Erschießung von brasilianischem Terrorverdächtigen: Scotland Yard schuldig
Ein britisches Gericht verurteilt die Londoner Polizei, weil sie vor zwei Jahren einen brasilianischen Terrorverdächtigen in der U-Bahn erschoss. Einzelne Polizisten wurden nicht verurteilt.
LONDON dpa/ap Mehr als zwei Jahre nach den Todesschüssen auf einen unschuldigen Terrorverdächtigen ist die Londoner Polizei wegen Gefährdung der öffentlichen Sicherheit verurteilt worden. Eine Geschworenenjury am Obersten Kriminalgericht Englands befand am Donnerstag, dass die damals beteiligten Polizeibeamten Gesundheits- und Sicherheitsverordnungen verletzt und damit das Leben unbeteiligter Zivilpersonen in Gefahr gebracht haben.
Der fälschlicherweise als Terrorverdächtiger eingestufte Brasilianer Jean Charles de Menezes war von der Polizei überwacht worden. Als er eine U-Bahn-Station betrat, wurde er von Polizisten aus kurzer Distanz mit sieben Schüssen in den Kopf getötet. Die Polizei hat die Verantwortung für den Tod des jungen Brasilianers übernommen. Ein Richter legte der Londoner Polizei dafür eine Strafe von 175 000 Pfund auf sowie die Bezahlung der Gerichtskosten in Höhe von 385 000 Pfund - insgesamt umgerechnet 806 000 Euro. Einzelnen Polizisten wurde keine individuelle Schuld an dem chaotischen Vorgehen bei der Verfolgung und Erschießung von de Menezes zugewiesen. Angehörige von des Brasilianers kritisierten den Ausgang des Verfahrens. "Wir fordern eine vollständige und unabhängige Untersuchung und die Bestrafung der Verantwortlichen", erklärte Familiensprecher Erionaldo da Silva. "Wir werden den Kampf für Gerechtigkeit fortsetzen."
Scotland-Yard-Chef Ian Blair betonte sein "tiefes Bedauern" über den "tragischen Tod". Er bekräftige eine frühere Entschuldigung der Polizei bei dessen Familie.

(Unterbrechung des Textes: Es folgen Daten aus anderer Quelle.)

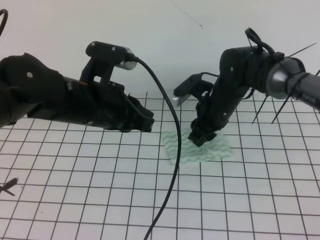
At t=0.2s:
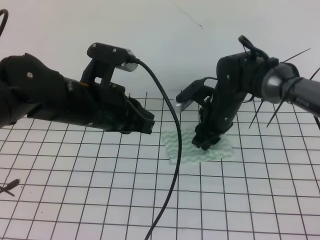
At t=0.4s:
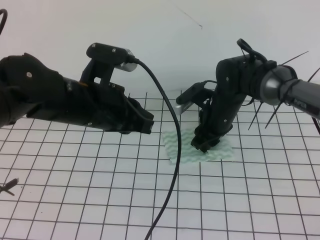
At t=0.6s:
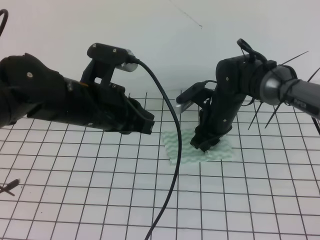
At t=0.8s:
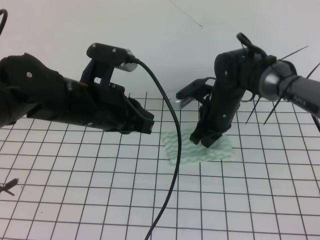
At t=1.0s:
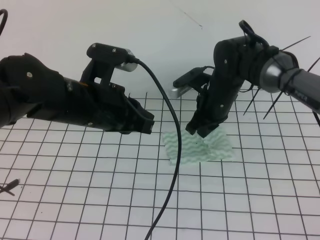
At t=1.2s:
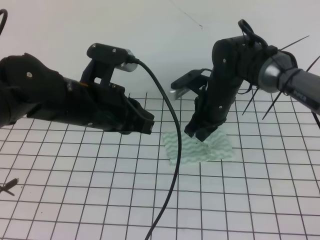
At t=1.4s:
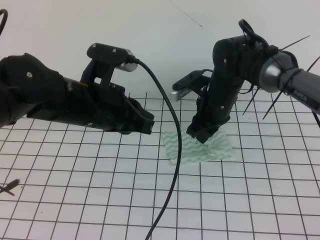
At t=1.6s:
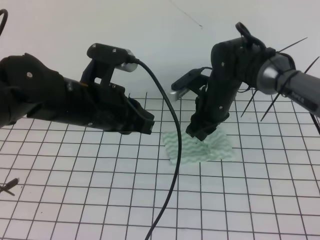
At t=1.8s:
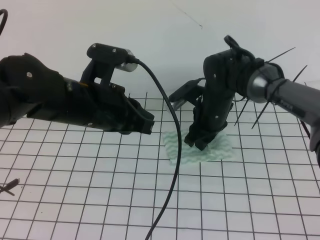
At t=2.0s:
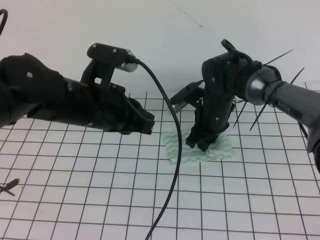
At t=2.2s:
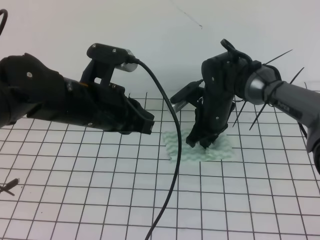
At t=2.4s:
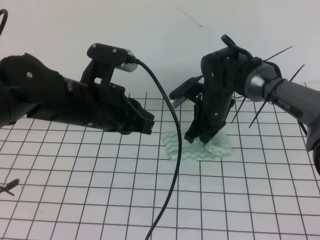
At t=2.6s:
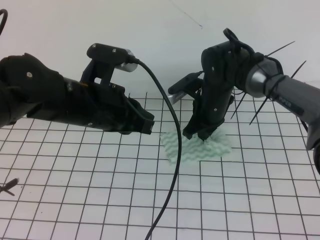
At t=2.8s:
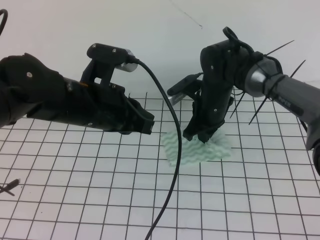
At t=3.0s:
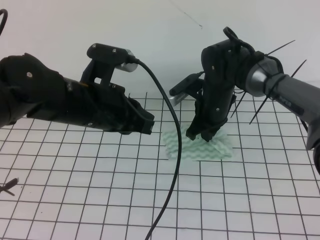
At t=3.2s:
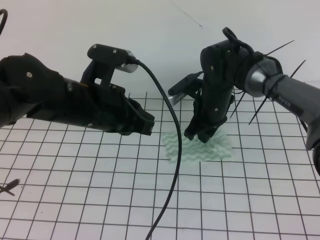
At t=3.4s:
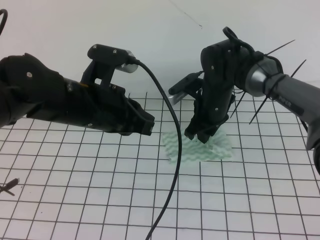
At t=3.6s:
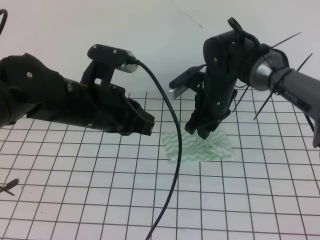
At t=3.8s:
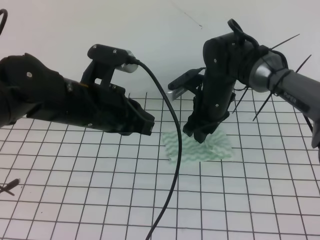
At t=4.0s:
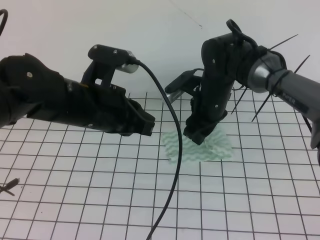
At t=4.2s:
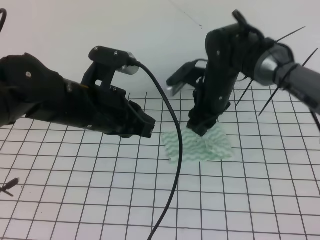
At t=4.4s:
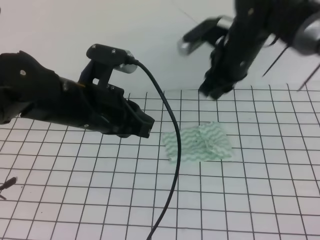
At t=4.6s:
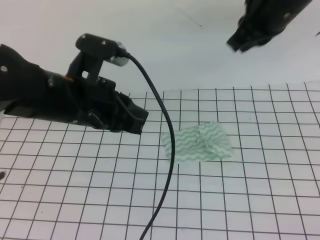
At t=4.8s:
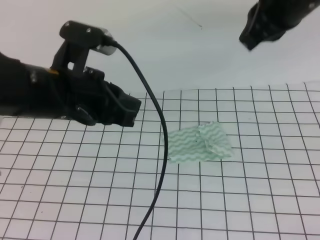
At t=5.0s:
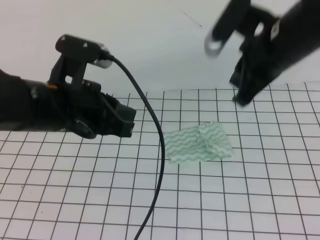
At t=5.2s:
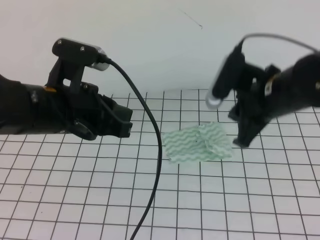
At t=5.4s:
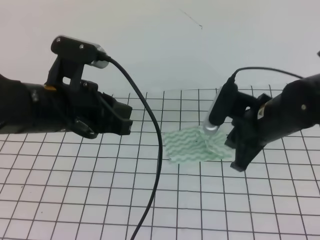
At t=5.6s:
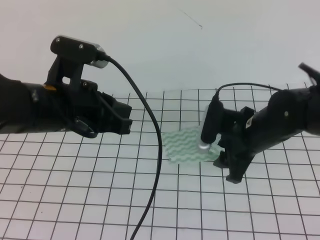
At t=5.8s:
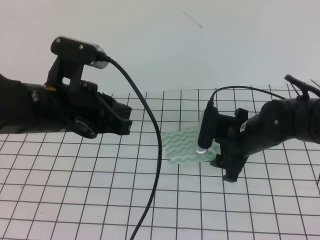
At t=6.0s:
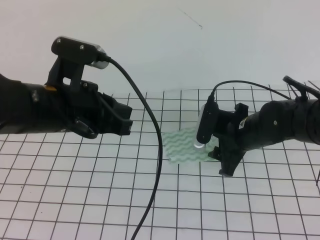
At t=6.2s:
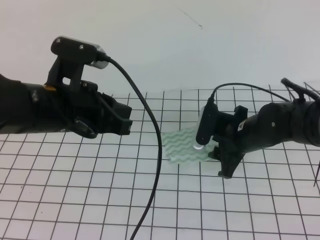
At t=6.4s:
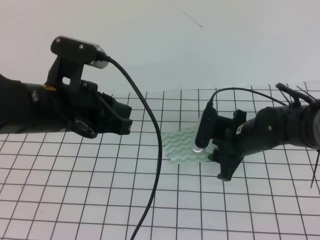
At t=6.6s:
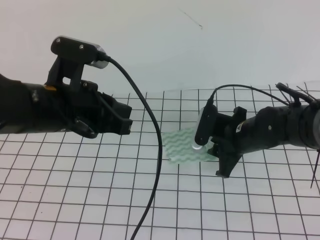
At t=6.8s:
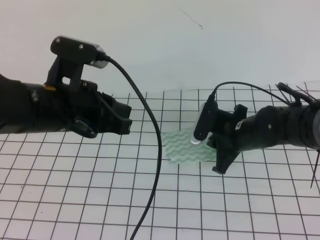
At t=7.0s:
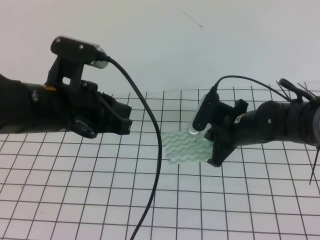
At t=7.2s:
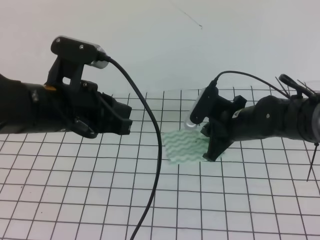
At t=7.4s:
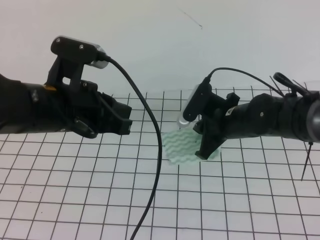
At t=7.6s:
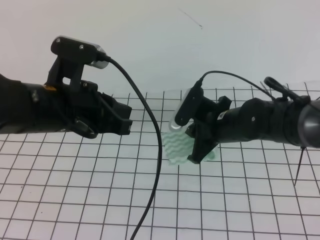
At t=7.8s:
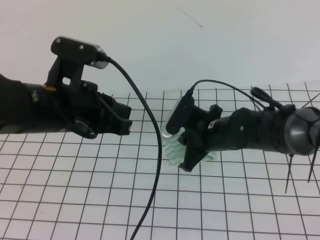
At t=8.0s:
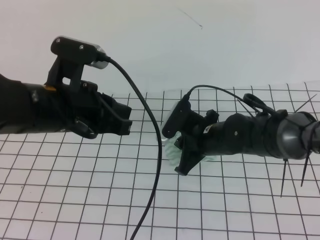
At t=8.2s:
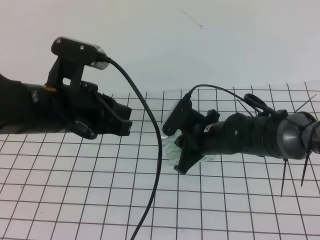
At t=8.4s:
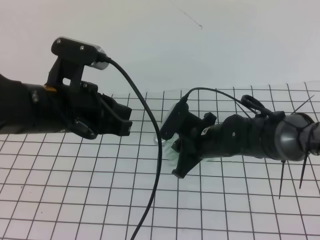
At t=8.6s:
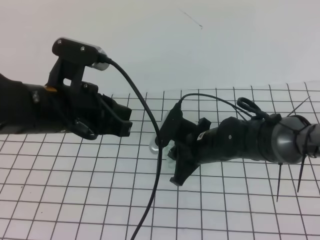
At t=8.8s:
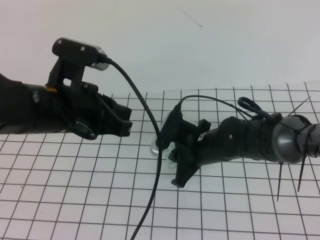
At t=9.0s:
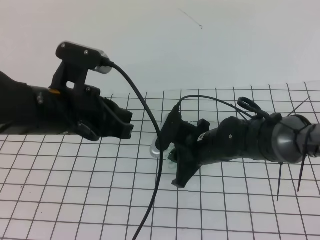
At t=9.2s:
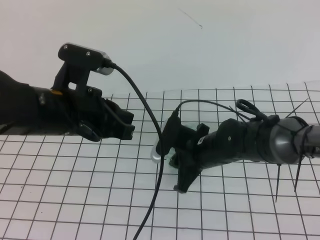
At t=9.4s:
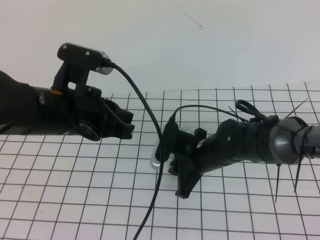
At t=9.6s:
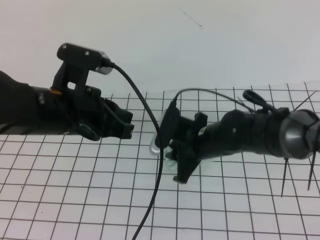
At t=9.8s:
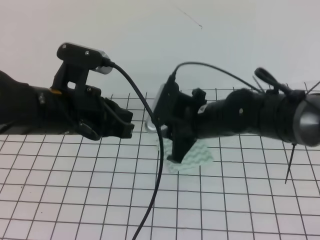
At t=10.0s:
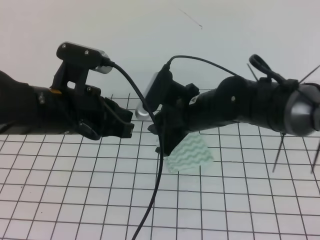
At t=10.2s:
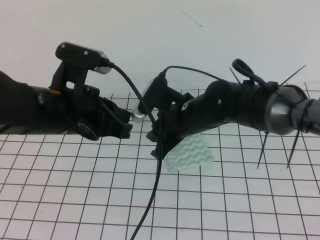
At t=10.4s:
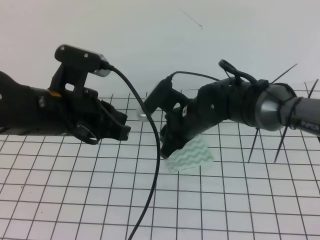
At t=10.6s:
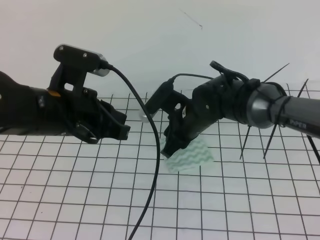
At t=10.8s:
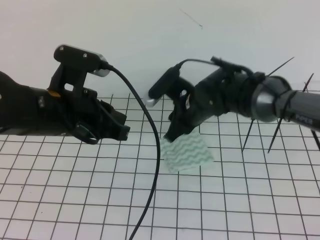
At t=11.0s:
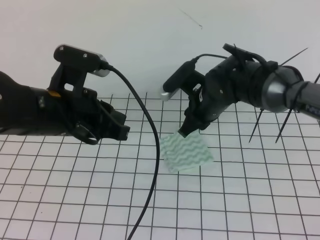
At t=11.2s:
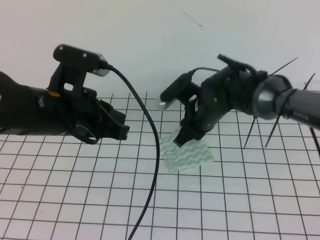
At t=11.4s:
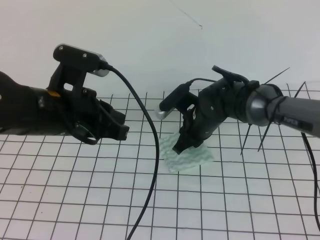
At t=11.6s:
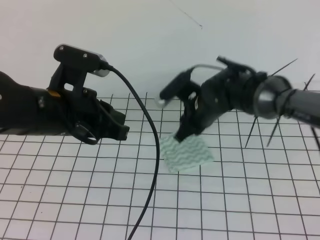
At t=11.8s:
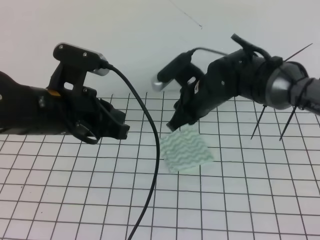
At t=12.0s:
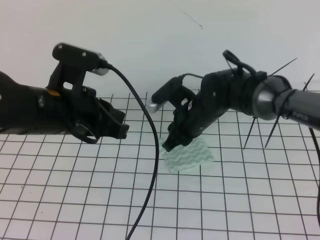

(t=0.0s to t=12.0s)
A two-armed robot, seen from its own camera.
t=0.0s - t=1.6s: The right gripper closes and opens again.
t=1.6s - t=3.0s: The right gripper closes up.
t=3.0s - t=4.4s: The right gripper travels upward by some 10 cm, and opens up.
t=4.4s - t=6.0s: The right gripper shifts some 15 cm downward and backward, and opens.
t=6.0s - t=7.6s: The right gripper closes its fingers.
t=7.6s - t=9.0s: The right gripper moves about 5 cm.
t=9.0s - t=10.4s: The right gripper moves some 5 cm, and opens.
t=10.4s - t=12.0s: The grippers make only small movements.

Scotland Yard werde sein Vorgehen bei der Verfolgung von Terrorverdächtigen überprüfen, um Gefährdungen von Unschuldigen so weitgehend wie möglich auszuschließen. Politiker der Opposition forderten nach dem Schuldspruch Blairs Rücktritt. Der Polizeichef lehnte dies ab. Innenministerin Jacqui Smith sprach ihm ihr Vertrauen aus.
Bereits im August war in einer Untersuchung kritisiert worden, der 27-Jährige Brasilianer habe keinerlei Chance gehabt, seine Unschuld zu zeigen, als er bei der Polizeiaktion am 22. Juli 2005 in der U- Bahn-Station Stockwell mit sieben Kopfschüssen getötet wurde. Staatsanwälte hatten im jetzigen Verfahren geltend gemacht, dass die Planung und Ausführung der Anti-Terroraktion durch zahlreiche "schockierende und katastrophale" Fehler beeinträchtigt war.
Die Polizisten hatten de Menezes damals mit dem Attentäter Hussein Osman verwechselt. Dieser war später mit drei anderen Terroristen wegen versuchter Bombenanschläge in der Londoner U-Bahn am 21. Juli 2005 zu lebenslanger Haft verurteilt worden. Sie hatten die Anschläge vom 7. Juli nachahmen wollen, bei denen vier Selbstmordattentäter in London mit Rucksackbomben 52 Menschen mit in den Tod gerissen hatten.